Background

Water is a necessity for human and nature, which, however, is highly unevenly distributed spatially and temporally in a manner that easily leads to conflicts and crisis. Due to the fluidity of water over international borders, geopolitical tensions arise between nations that share international rivers about cross-border water ownership, allocation, utilization, protection, compensation, etc. Moreover, as industrialization and climate change intensify, the disparity between water supply and demand becomes more pronounced. Transboundary water or international rivers inevitably result in interstate negotiations and geopolitical confrontations surrounding issues such as water allocation and large-scale water infrastructure construction.

Transboundary river basins of the world (Source: Transboundary Freshwater Spatial Database)

Over 150 countries in the world share more than 310 international water basins, which provide freshwater for more than 3 billion people (McCracken and Wolf 2019). Occupying the Asian Water Tower, China shares rivers with 18 neighboring countries. Taking cases of the Lancang-Mekong River and Dongjiang River, I examine the complex institutions, discourses, imagenaries, and power relations of international/inter-jurisdictional river governance through a set of concepts including hydrosocial territories and scalar politics.

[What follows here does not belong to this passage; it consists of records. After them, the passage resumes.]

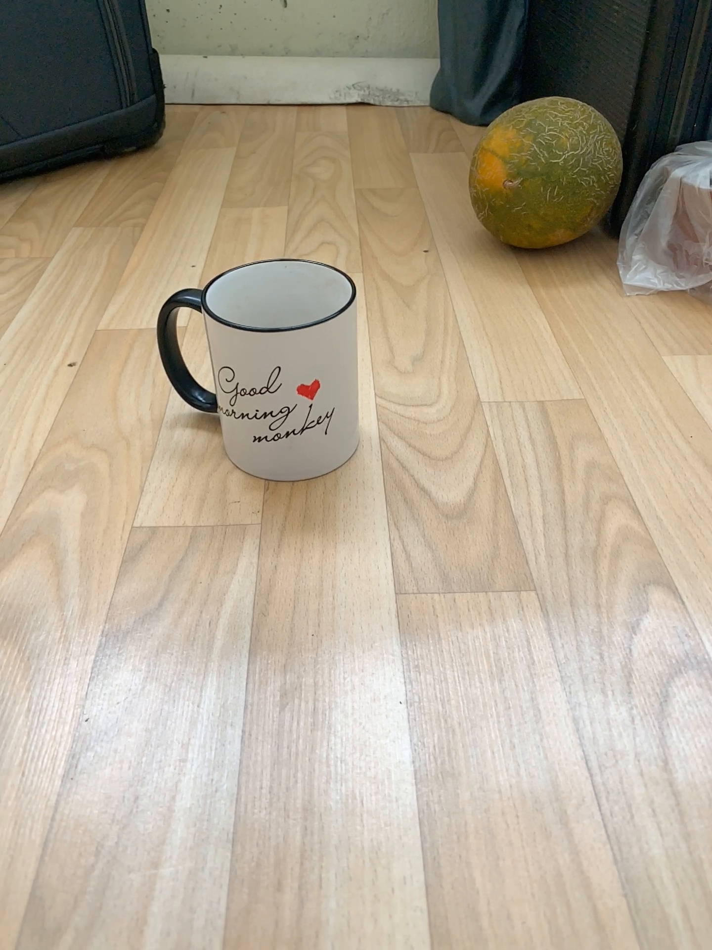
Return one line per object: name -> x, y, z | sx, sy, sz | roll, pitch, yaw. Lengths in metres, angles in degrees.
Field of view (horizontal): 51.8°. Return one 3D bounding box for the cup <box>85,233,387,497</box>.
cup -> -0.056, -0.062, 0.399 | 0.130, 0.100, 0.080 | 9, 41, 10
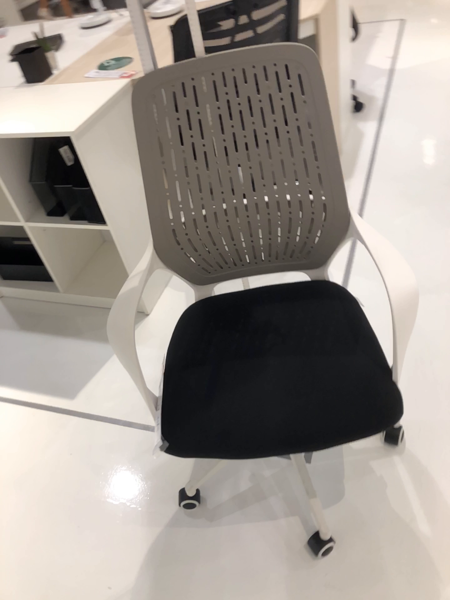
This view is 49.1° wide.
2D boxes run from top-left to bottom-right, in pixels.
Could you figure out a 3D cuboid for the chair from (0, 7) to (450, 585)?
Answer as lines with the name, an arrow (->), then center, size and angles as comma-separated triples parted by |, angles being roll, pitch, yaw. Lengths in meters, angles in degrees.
chair -> 0.119, 0.062, 1.092 | 0.690, 1.003, 0.675 | -8, 42, 5
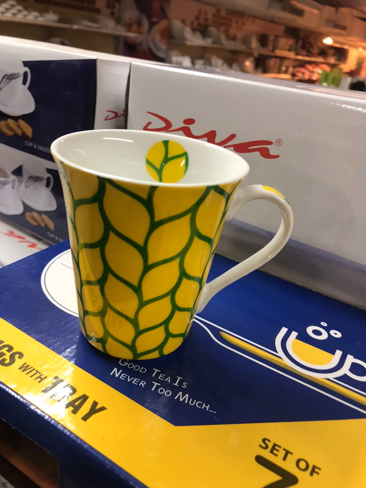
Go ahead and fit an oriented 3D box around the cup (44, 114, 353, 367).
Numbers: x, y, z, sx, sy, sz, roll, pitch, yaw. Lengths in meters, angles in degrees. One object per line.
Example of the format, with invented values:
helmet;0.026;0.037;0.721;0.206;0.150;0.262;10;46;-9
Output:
cup;-0.002;-0.004;0.198;0.110;0.089;0.080;3;26;-10

Hydrosocial territories of transboundary rivers

Wang, R. Y., Liu, X.*, Zhang, W. China’s water governmentality and the shaping of hydrosocial territories: A case of the Lancang–Mekong cooperation mechanism. The China Quarterly (OnlineFirst) Link

Taking the case of Lancang-Mekong Cooperation (LMC), this paper demonstrates the diversity of power and the complexity of space of international rivers. It reveals the multidimensional characteristics of nature, system, history, and culture in the Lancang-Mekong region. This research discusses how discourses and geographical imagination are formed and legitimized as a political weapon in the cooperation mechanism to construct the international rivers’ hydrosocial territory. In addition, the research highlights the competitiveness of discourses and the diversity of geographical imagination in the transnational context, thereby introducing regional disputes. This enhances the knowledge of power exercise in international river governance and illuminate the multiple ontologies of water and space.

Wang, R. Y., Zhang, W., Liu, X.. 2022. The geopolitical analysis of international river governance: A conceptual framework of “hydrosocial territories”. Human Geography(人文地理),(02), 41-49+102. Link

This work reviews the theoretical discussions and controversies of international river governance and introduces the conceptual framework of“hydrosocial territories”. The paper summarizes that the framework reveals spatial deployment of power and explores the natural-society relationship from four previously underexamined analytical dimensions.

  • Power exercises apply at multiple scales and involve interconnections and interdependence across scales.
  • The deployment of power exists in physical, institutional, and representational spaces that jointly shape rules, narratives, and meanings of water.
  • The essence of water governance is defined by relationship networks that include and exclude different actors.
  • Hydrosocial territories are fluid, constructed, and contested, encapsulating diverse forms of power exercises.

Liu, X., Souter, N. J., Wang, R. Y., & Vollmer, D. 2019. Aligning the Freshwater Health Index indicator system against the transboundary water governance framework of Southeast Asia’s Sesan, Srepok, and Sekong river basin. Water, 11(11), 2307. Link

Water resource management operates within a governance framework, which comprises international conventions and agreements; national and provincial laws, policies, guidelines and plans; and informal traditional arrangements. Indices may fit within a water governance framework in a variety of ways. This paper takes Conservation International’s Freshwater Health Index system to examine its alignment with laws, plans, and policies of 3S countries along the transboundary Sesan, Srepok, and Sekong (3S) rivers in the Lower Mekong in Southeast Asia.

Scalar politics of inter-jurisdictional rivers

Liu, X., Wang, R. Y., Zhang, W., Ge, Y. 2021. Rescaling inter-jurisdictional water governance: A case study of the Dongjiang river. World Regional Studies(世界地理研究), 30(02), 297-307. Link

This paper explores scalar reconstructions of Dongjiang river governance in material space, organizational space, and discursive space over the course of policy formulation and implementation. The evolution of Dongjiang river governance experienced three major stages, infrastructural development for Hong Kong unification, water allocation for uneven regional development, and ecological compensation for upstream-downstream inequality.

The focal scale of water governance in the Dongjiang River has shifted and co-existed between the political and ecological scales. Various actors at national and local scales are trying to construct their own discourses over the water issues and achieve certain scalar reorganization to facilitate their goals. Over the course, while the central government dominates formulation and implementation of water governance policies in the Dongjiang River basin, sub-national governments, public groups and other relevant organizations are also engaged in the competition of scalar construction.

References

[1] McCracken M and Wolf A T. 2019. Updating the Register of International River Basins of the world. International Journal of Water Resources Development, 35(5): 732-777.